Liveness detection : guide complet anti-spoofing 2026

Liveness detection en KYC : différence actif vs passif, norme ISO 30107-3, attaques PAD, certification iBeta, intégration mobile/web, choisir son fournisseur.
Gaël
May 25, 2026
Liveness detection : guide complet anti-spoofing 2026

En bref — La liveness detection (détection du vivant) vérifie qu'une biométrie présentée provient bien d'une personne réelle, en direct, et non d'une photo, vidéo, masque ou deepfake. Elle est encadrée par la norme ISO/IEC 30107-3 (PAD, Presentation Attack Detection) avec trois niveaux d'attaque. En 2026, le standard de marché pour le KYC bancaire et santé est un liveness passif certifié ISO 30107-3 niveau 2 combiné à un défi actif aléatoire. Le coût marginal par contrôle est descendu à 0,30-1,00 €.
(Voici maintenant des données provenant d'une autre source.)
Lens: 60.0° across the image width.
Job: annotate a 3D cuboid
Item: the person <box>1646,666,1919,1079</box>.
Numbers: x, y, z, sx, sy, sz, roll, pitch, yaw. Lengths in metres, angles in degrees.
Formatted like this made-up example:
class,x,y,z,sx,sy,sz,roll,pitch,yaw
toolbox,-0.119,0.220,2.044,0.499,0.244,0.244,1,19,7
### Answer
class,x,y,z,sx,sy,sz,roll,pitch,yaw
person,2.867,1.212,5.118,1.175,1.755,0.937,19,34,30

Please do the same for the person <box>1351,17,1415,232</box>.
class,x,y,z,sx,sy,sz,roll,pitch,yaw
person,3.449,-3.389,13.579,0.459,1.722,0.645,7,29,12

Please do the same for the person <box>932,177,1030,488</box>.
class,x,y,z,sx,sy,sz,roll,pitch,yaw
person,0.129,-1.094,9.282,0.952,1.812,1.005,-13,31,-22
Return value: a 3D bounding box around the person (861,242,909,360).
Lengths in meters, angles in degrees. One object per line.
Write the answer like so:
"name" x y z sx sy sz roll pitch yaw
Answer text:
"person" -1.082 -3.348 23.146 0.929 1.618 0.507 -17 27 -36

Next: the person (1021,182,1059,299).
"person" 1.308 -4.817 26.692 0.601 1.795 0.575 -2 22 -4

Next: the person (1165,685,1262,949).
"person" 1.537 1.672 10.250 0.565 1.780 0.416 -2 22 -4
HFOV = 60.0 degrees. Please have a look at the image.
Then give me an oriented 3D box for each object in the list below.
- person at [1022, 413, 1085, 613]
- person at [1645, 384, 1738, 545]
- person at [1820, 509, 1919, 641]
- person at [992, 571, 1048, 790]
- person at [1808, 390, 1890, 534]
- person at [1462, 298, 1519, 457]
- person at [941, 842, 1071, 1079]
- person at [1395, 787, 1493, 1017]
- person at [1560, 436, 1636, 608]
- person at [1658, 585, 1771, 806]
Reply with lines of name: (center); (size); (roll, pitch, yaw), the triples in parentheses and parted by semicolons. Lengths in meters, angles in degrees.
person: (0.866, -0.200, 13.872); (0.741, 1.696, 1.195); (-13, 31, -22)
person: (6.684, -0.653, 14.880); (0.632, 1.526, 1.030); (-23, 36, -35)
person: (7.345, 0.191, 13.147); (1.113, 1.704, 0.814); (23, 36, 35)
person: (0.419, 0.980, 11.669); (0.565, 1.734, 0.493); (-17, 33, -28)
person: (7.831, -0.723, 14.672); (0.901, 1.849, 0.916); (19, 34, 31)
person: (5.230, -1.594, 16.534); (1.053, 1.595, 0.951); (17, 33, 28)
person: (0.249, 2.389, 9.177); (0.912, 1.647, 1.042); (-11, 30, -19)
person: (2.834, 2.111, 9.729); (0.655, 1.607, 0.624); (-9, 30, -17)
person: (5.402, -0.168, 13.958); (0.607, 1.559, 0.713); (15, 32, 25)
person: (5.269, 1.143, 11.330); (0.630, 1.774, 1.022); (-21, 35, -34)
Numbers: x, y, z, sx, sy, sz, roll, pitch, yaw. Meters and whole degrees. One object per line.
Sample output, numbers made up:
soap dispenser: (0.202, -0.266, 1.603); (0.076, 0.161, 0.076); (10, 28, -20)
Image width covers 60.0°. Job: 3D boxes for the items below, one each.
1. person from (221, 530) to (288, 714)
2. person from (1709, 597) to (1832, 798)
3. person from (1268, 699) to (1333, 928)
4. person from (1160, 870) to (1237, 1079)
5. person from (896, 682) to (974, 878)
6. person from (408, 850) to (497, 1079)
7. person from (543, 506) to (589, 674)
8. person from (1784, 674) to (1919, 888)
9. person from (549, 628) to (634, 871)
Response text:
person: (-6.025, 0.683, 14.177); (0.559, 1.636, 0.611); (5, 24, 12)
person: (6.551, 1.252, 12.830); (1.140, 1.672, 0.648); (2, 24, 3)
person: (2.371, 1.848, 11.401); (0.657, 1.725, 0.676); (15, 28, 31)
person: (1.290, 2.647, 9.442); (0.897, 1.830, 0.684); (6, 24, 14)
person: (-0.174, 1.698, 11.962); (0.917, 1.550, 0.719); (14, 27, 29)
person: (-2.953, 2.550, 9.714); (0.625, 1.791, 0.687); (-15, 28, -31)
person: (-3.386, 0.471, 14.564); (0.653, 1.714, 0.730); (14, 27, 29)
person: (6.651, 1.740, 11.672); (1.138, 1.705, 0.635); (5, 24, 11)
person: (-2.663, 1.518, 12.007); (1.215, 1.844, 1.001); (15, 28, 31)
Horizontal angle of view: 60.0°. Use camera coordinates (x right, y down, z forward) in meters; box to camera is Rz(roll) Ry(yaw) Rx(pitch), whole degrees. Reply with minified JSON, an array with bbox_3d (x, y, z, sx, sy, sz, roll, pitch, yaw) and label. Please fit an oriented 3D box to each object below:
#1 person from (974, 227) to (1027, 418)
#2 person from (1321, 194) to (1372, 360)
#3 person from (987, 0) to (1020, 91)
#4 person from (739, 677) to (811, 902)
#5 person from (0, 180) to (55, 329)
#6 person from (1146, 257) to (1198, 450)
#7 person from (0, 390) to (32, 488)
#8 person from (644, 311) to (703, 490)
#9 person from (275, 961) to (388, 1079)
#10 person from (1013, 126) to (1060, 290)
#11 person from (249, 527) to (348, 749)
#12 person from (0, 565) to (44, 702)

Liveness actif vs passif vs hybride

Type Comment ça marche Friction utilisateur Robustesse Quand l'utiliser
Liveness actif L'utilisateur exécute un geste (sourire, rotation, suivre un point) Moyenne à élevée Bonne contre les attaques basiques ; vulnérable au rejeu si défi prédictible Parcours guidés à fort enjeu (banque, paiement gros montant)
Liveness passif Aucune action ; analyse de quelques frames silencieuses Faible (zero-friction) Très bonne avec un modèle certifié ISO 30107-3 niv. 2 Onboarding mobile B2C, parcours en masse
Liveness hybride (recommandé) Passif en arrière-plan + un défi actif aléatoire non-rejouable Faible-modérée Excellente — couvre actif et passif KYC bancaire, e-santé, eIDAS substantiel/élevé

Quelles attaques le liveness doit-il bloquer ?

La norme ISO 30107-3 classe les attaques de présentation (PAI, Presentation Attack Instruments) en trois niveaux :

Niveau 1 — attaques simples - Photo imprimée d'un visage cible. - Photo affichée sur un écran de smartphone ou de moniteur. - Photo découpée et collée sur un autre support.

Niveau 2 — attaques élaborées - Vidéo rejouée d'un visage cible (replay attack). - Masque silicone basique imprimé. - Deepfake basique (face swap statique, sans gestion 3D). - Masque papier 3D plié.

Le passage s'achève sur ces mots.